# Newbie with van conversion



## Mark D (Apr 17, 2011)

Hi guys. I've just joined the forum so would like to say hello. I've just finished a conversion on my Renault master. The main purpose was to use it to sleep in when I'm racing my car but I'm impressed with what I've achieved and now want to use it for more, hence finding this forum. I'm going to take some time and have a good read of the previous posts over the next few days so may have a few questions etc in a wee while. 

Mark D


----------



## Firefox (Apr 18, 2011)

Post some pics if poss, it would be cool to see it!
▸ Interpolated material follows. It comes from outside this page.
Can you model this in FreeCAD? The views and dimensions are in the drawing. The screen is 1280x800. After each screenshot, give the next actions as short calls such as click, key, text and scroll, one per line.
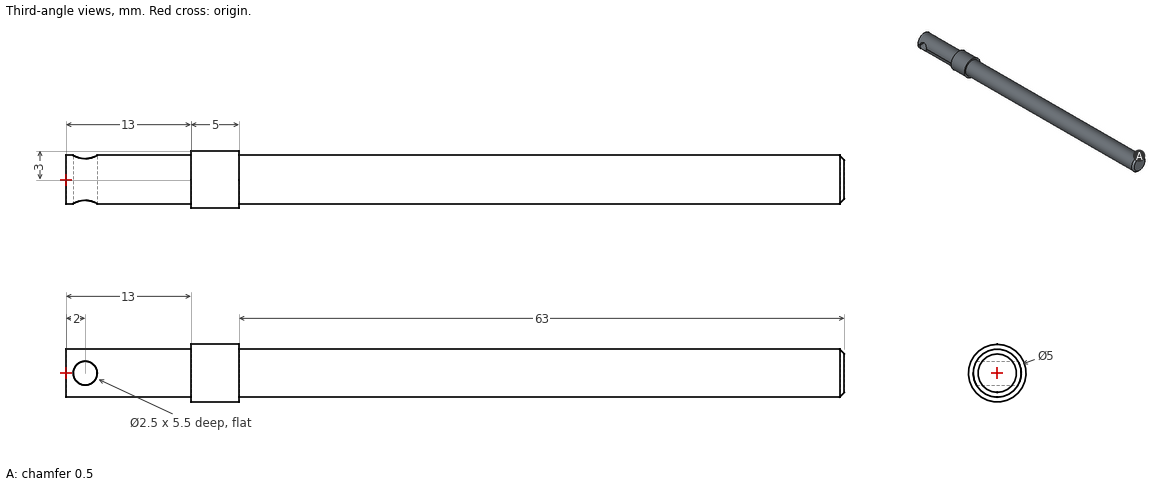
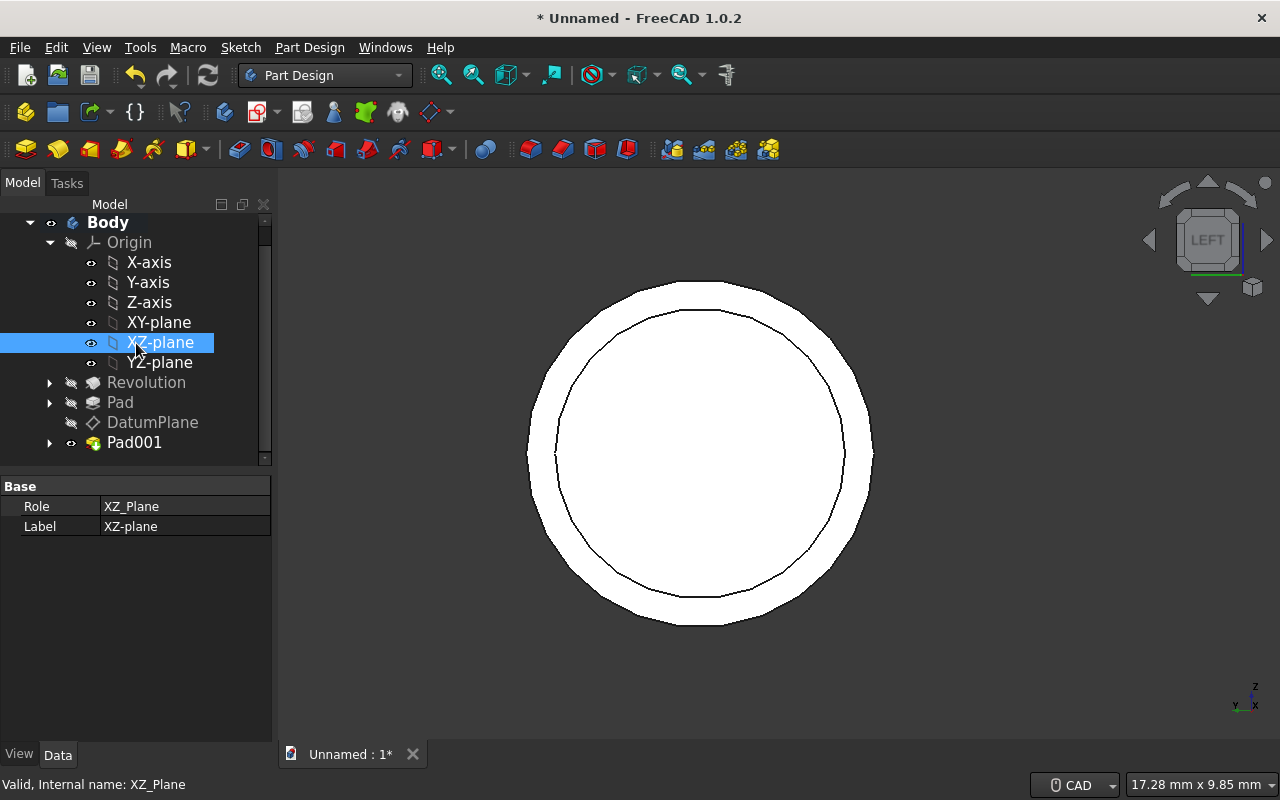
click(430, 112)

I've also done a conversion on the Master (A Movano actually, but it's exactly the same van).


----------



## Deleted member 3802 (Apr 18, 2011)

welcome mark,enjoy the freedom the van give's you
p.s. shouldn't it be north yorkshire ?? not north east you don't want to be with that lot surly


----------



## maingate (Apr 18, 2011)

Hi and welcome.

Take no notice of Old Arthur, he's from Doncaster you know. 'North East' sounds upmarket so stick with that.


----------



## Deleted member 3802 (Apr 18, 2011)

:banana::banana::lol-049::blah:


----------



## Deleted member 13859 (Apr 18, 2011)

*welcome*

hi mark d 

welcome to the site, full of usefull info and good advice, enjoy your van.

tranivanman


----------



## Mark D (Apr 18, 2011)

As it was designed for racing I've kept it simple. Across the rear I've made a bed frame 30" high wide enough for a double matress. This is all boxed in and carpet lined from the front. Underneath this accessed from the rear is tool space. The partition below the bed is removable so that access is Also available from the front. This will allow an airbed lengthways below the fixed bed. The stove is going to be drop down mounted on the rear doors as I don't want bacon smells inside the van and we always use a gazebo over the rear. I've also room in the tool area for the porta loo which can be moved as and when required. It really is simple but seems to have opened loads of possibilitys and I already want to build something bigger. Power is by 12v leisure battery on a split charge circuit but it's only powering 2 strip lights, a tv and a playstation which has been converted to 12v


----------



## Mark D (Apr 18, 2011)

maingate said:


> Hi and welcome.
> 
> Take no notice of Old Arthur, he's from Doncaster you know. 'North East' sounds upmarket so stick with that.


 
Whilst I am a Yorkshire man born and breed, guisbourough is actually in Cleveland, Redcar and Cleveland, tees valley who knows, so easier to say north east


----------



## Mark D (Apr 19, 2011)




----------



## Guernsey Donkey (Apr 19, 2011)

Hi Mark D - welcome to wildcampers the site with all the knowledge thats needed to help you. I wish I could get my van that shinny she looks brilliant.


----------



## Mark D (Apr 19, 2011)

Guernsey Donkey said:


> Hi Mark D - welcome to wildcampers the site with all the knowledge thats needed to help you. I wish I could get my van that shinny she looks brilliant.


 
I used some stuff called mirror image, it's made by autosmart and only usually available to the trade but I got a litre off good old fleabay. I believe it has a slight cutting compound in it so restores weathered paintwork but unlike t cut it does not contain silicon


----------



## Deleted member 13859 (Apr 19, 2011)

hi mark d

like your set up, similar to mine, bed in the rear, i,ve got mycooker mounted down the side iin the front half opposite the sliding door.
all my stuff comes out in about 1/2hour as i use my van for other things, i can put my two dog kennels in and a row of three seats or i can have it as just an empty van for collecting stuff for my charity work.

well done and enjoy

tranivanman


----------



## Mark D (Apr 22, 2011)

I tried the van out last week and had a really good nights sleep. Parked in a motorway serv Stn for an hour or so next to a MH and the owners gave me the thumbs up as they left which made me smile a little.


----------